Sabji Mandi
The wind beats past my covered head as Aunty takes me through the 
various intersections to the Pimpri Sabji Mandi (vegetable market). I am
 no longer a foreigner, I am just another person in the mass of cars, 
bikes, and buses. We pull into the entrance of the market and Aunty 
tells me to wait as she parks the bike. People don’t stare like they 
normally do. My salwar-like pants and raincoat allow me to blend in to 
the crowds of vendors and people buying their groceries. Aunty comes 
back with two cloth bags and beckons me towards the brightly lit 
entrance of the Mandi.
We enter and I am surrounded by thousands of vegetables and fruits. 
Even though 8pm is an off time for shopping, my Americanized brain is 
shocked by how many vendors and shoppers there are. Aunty tells me that 
she has to buy some vegetables and that I should tell her what types of 
fruit I like. 
“Aam (Mango).” I say immediately, forgetting that Mango is a warm 
season fruit and that they have been out of season for two months. She 
looks at me and smiles,
“Okay.” She takes me to a stall that is filled with various colors of
 vegetables, she points to a basket of small yellowy-green colored 
Mangoes and asks, in Marathi, what the cost is.

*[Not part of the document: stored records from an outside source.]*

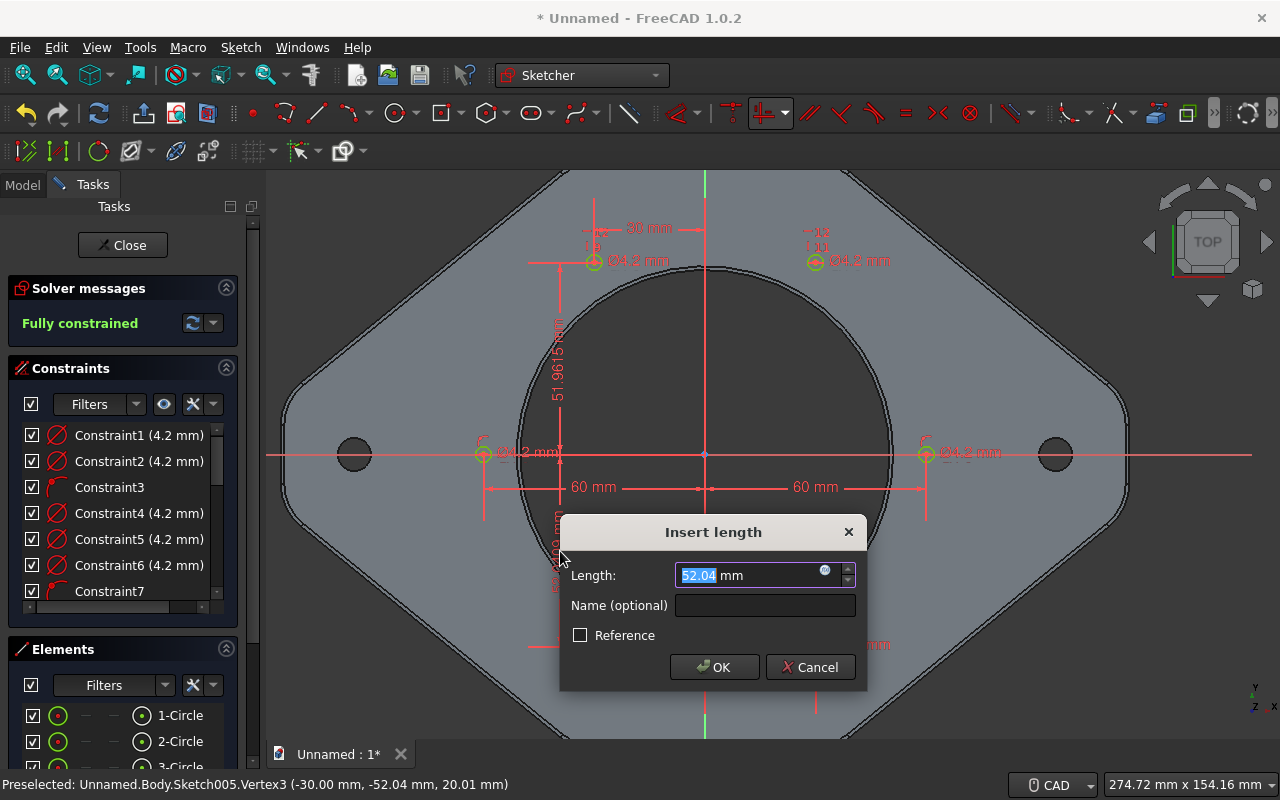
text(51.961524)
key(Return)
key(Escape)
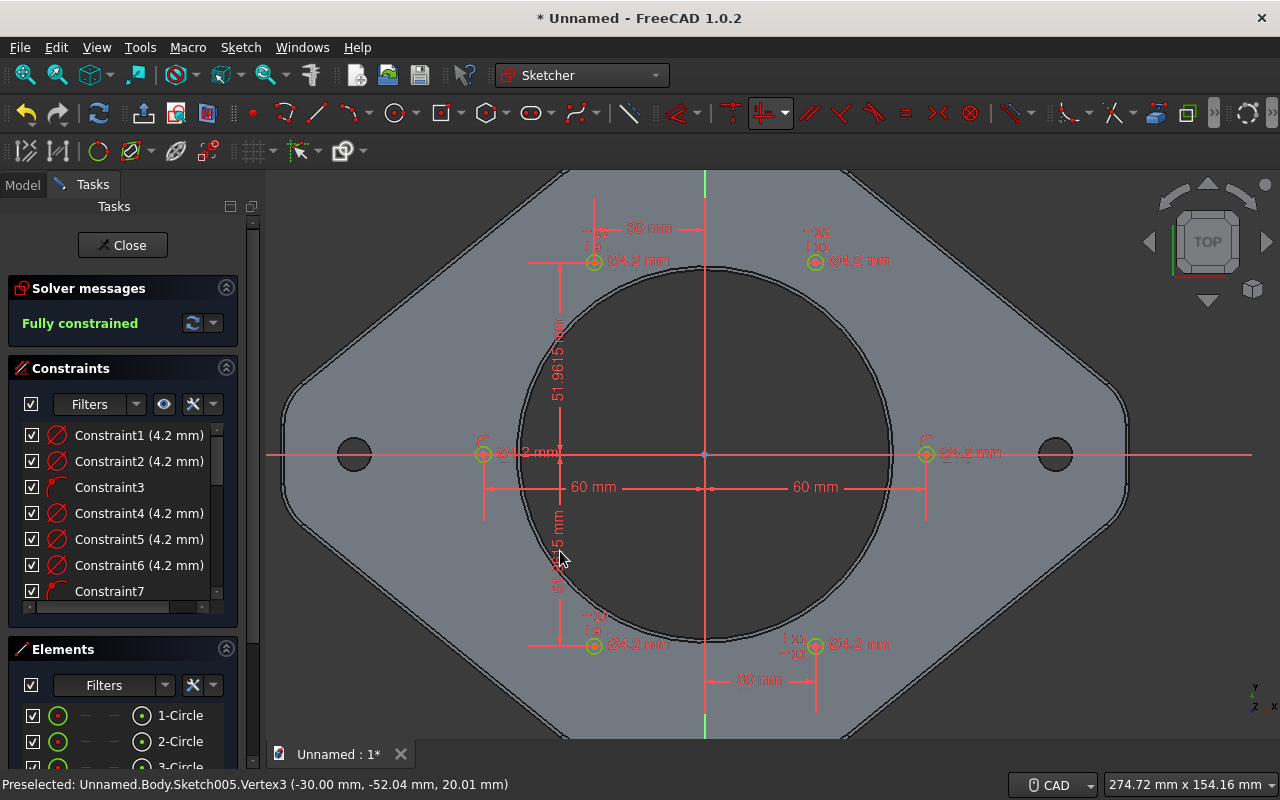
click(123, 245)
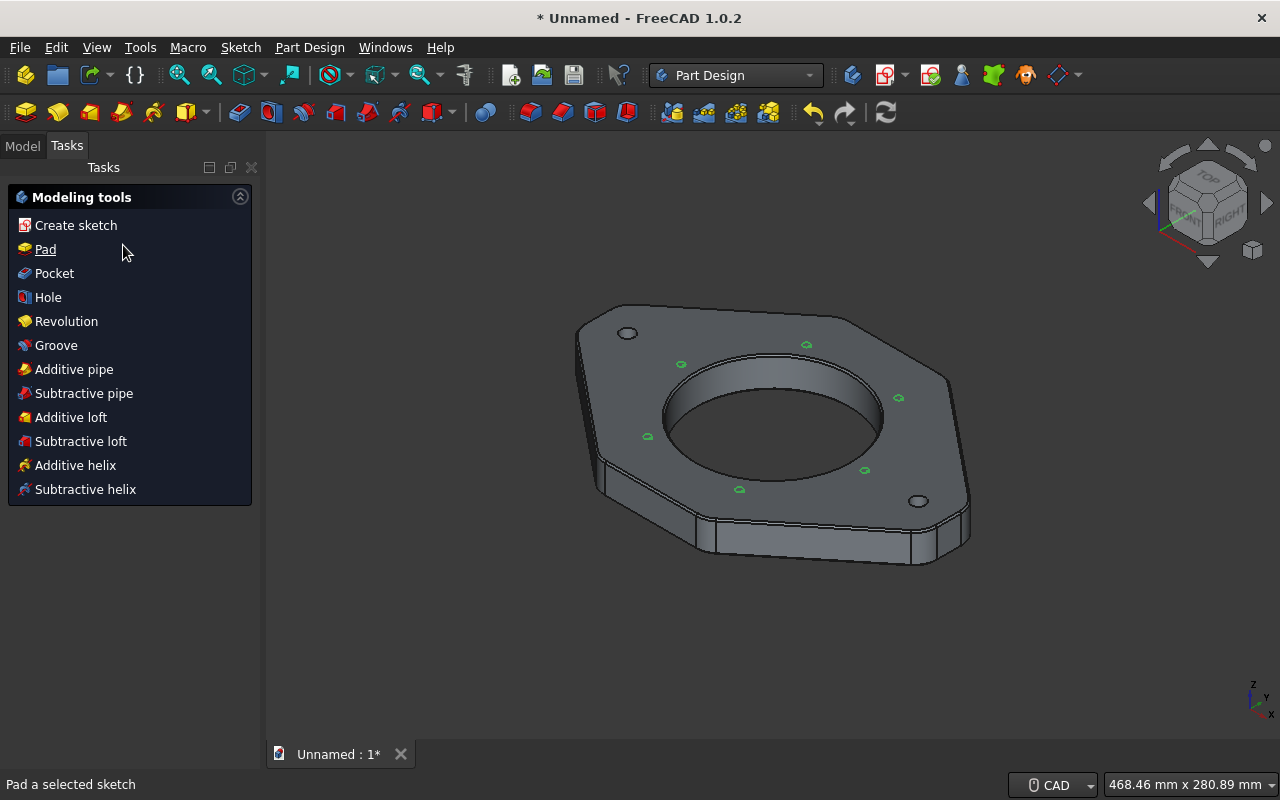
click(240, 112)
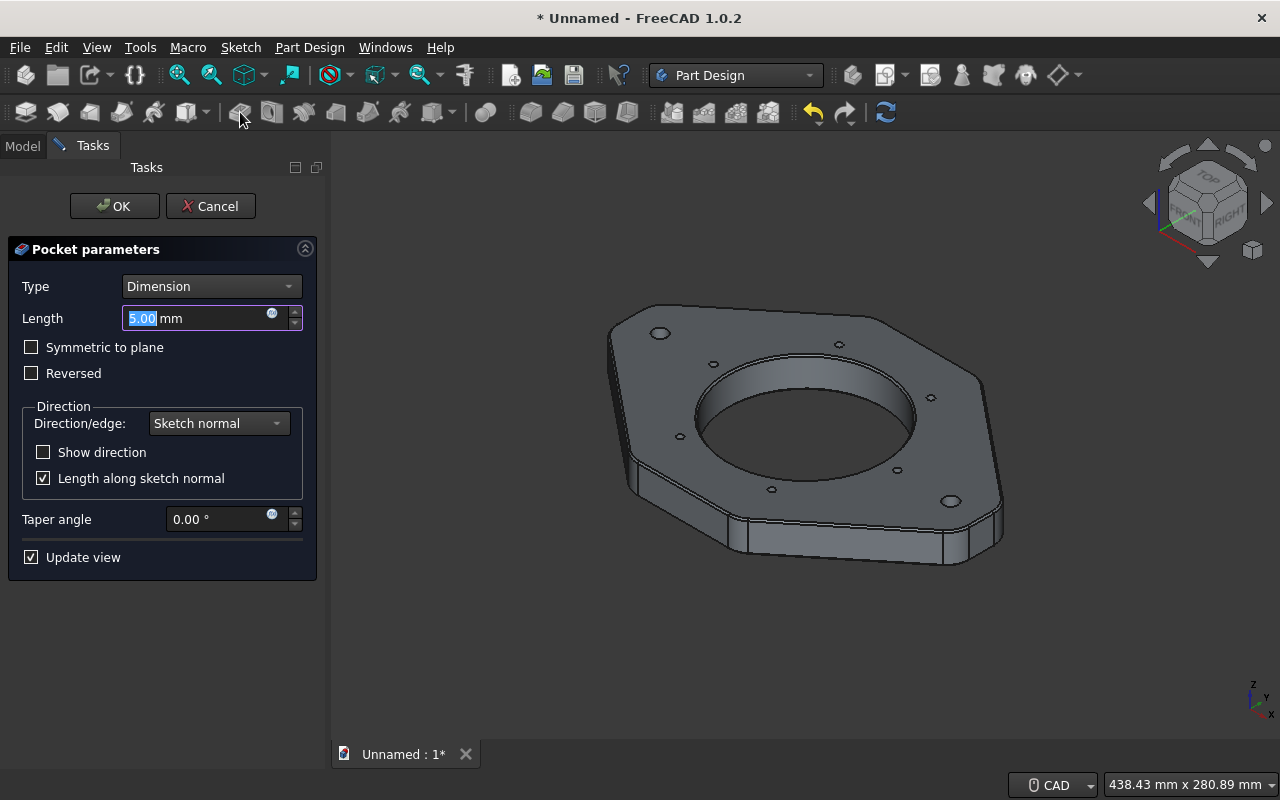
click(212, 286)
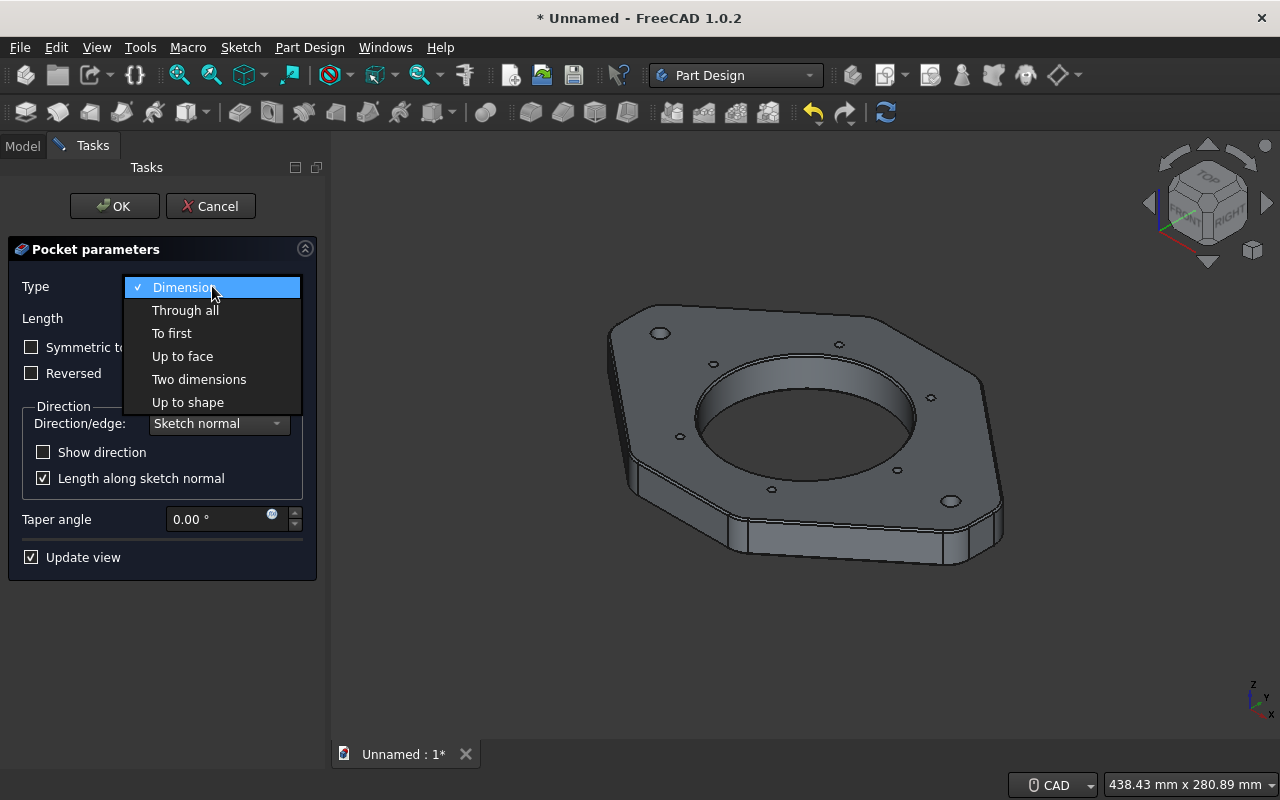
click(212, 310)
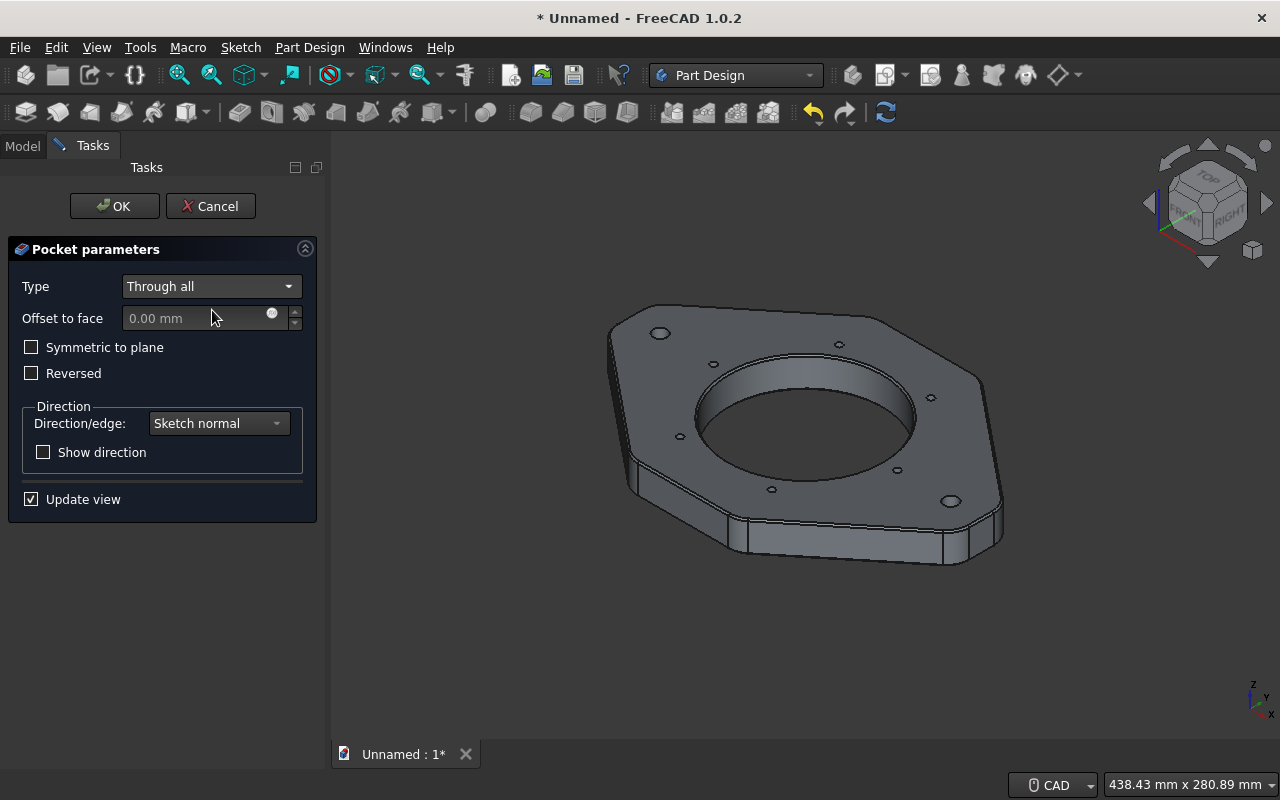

The vendor quickly 
responds and they proceed to have a quiet barter as to how many Mangoes 
she should buy and what a good price is. They decide and the vendor 
places the precious fruit the left side of an old scale and a two kilo 
weight on the other. He adds and detracts a few of the little treasures 
until the scales match and then pours the fruit into a plastic bag 
before handing them to my host mother.
“Thik Hei?” Aunty asks me, I nod. “I will now go to get the other 
food.” She tells me in her soft Marathi accent. I shake my head and we 
continue through the body of the Mandi. As we finish at each stop, I 
begin to feel more and more comfortable and even start to touch some of 
the food.
Although my scarf begins to fall off my head, people still don’t seem
 to recognize me as a foreigner. As we walk towards the exit of the 
Mandi, I can feel the light rain hitting my head. I reach for my scarf 
and cover my forehead, nose, and mouth as Aunty has instructed me to do.
Aunty places the bags of food into the scooter and she nods her head,
 telling me to sit on the back to the bike. Aunty starts the engine and 
feel the same wind come over my head. Rain water hits my glasses as we 
race through traffic. I place my hands on the sides of my legs and as 
the wind once again whips past my body, I feel at home.